◆ **MATERIAL TO PROCESS**
>>>
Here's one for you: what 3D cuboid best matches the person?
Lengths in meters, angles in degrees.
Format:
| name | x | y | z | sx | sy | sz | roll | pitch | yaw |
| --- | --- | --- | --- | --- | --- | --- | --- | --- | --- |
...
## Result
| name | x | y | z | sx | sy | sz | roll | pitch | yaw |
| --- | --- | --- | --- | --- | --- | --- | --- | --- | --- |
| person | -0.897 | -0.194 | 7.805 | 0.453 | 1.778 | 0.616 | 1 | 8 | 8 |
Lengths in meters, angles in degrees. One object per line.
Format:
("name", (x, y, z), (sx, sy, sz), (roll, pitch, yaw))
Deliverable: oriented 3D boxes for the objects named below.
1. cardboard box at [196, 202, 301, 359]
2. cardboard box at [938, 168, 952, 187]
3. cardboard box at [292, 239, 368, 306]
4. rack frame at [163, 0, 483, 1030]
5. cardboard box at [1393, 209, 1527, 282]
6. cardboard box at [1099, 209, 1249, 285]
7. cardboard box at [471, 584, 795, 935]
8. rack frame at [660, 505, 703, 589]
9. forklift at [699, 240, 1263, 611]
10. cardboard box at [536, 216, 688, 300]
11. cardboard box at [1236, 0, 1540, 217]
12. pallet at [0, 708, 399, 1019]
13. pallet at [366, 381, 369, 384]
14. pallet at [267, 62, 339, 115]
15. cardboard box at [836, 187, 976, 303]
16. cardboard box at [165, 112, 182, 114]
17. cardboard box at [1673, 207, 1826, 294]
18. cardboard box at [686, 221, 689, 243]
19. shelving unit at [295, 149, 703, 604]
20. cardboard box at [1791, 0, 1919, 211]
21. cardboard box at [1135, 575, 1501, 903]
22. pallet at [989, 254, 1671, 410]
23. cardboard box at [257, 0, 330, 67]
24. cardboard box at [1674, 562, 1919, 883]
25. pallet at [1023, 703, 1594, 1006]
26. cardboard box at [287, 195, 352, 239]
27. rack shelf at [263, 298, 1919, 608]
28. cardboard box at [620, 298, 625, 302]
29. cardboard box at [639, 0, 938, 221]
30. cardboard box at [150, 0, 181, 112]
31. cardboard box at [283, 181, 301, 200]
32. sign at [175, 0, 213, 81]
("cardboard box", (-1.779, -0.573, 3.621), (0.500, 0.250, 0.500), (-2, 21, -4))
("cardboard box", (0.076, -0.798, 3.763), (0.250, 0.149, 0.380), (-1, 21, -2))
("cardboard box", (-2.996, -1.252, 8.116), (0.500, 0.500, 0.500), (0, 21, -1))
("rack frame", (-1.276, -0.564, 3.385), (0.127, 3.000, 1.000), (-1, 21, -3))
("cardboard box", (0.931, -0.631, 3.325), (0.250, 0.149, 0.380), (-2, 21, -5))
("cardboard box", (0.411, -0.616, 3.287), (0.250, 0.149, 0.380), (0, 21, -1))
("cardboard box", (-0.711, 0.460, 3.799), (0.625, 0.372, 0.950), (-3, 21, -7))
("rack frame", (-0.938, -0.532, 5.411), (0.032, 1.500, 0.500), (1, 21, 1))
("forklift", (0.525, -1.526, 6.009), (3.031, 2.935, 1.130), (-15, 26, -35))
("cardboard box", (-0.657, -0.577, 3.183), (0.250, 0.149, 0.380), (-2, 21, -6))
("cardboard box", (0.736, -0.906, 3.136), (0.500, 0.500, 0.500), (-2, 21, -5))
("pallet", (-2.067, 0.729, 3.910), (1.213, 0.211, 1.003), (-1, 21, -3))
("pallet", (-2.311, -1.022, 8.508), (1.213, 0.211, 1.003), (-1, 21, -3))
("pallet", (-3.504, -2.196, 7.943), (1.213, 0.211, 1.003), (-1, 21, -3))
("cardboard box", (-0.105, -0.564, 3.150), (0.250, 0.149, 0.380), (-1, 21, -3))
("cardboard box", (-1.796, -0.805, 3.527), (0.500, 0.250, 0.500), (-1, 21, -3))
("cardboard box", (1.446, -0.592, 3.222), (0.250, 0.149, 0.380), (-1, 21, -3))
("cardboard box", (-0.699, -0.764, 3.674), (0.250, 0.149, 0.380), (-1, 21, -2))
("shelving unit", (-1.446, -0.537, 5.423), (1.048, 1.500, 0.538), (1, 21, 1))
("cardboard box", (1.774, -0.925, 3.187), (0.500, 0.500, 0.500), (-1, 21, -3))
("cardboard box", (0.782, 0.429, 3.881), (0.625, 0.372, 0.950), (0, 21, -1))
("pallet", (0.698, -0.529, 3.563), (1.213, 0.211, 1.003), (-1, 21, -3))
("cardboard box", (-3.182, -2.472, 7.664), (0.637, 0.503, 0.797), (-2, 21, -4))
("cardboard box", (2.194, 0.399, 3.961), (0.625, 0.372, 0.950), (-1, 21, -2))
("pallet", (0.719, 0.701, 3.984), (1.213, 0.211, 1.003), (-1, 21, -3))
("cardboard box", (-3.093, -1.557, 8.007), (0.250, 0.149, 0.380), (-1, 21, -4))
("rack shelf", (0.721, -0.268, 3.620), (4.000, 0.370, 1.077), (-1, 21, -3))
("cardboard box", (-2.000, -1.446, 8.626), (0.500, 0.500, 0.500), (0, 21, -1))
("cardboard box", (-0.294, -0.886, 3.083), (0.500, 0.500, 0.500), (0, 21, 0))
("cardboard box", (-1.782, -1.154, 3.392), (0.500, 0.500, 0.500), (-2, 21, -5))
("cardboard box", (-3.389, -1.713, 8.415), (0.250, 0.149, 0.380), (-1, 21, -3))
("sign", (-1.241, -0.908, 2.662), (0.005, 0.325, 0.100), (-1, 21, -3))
<<<
◆ **WHAT YOU SHOULD DO**
Identify the lines above with the word "degrees". Copy them.

◆ **WRITTEN RESPONSE**
Lengths in meters, angles in degrees.
Lengths in meters, angles in degrees. One object per line.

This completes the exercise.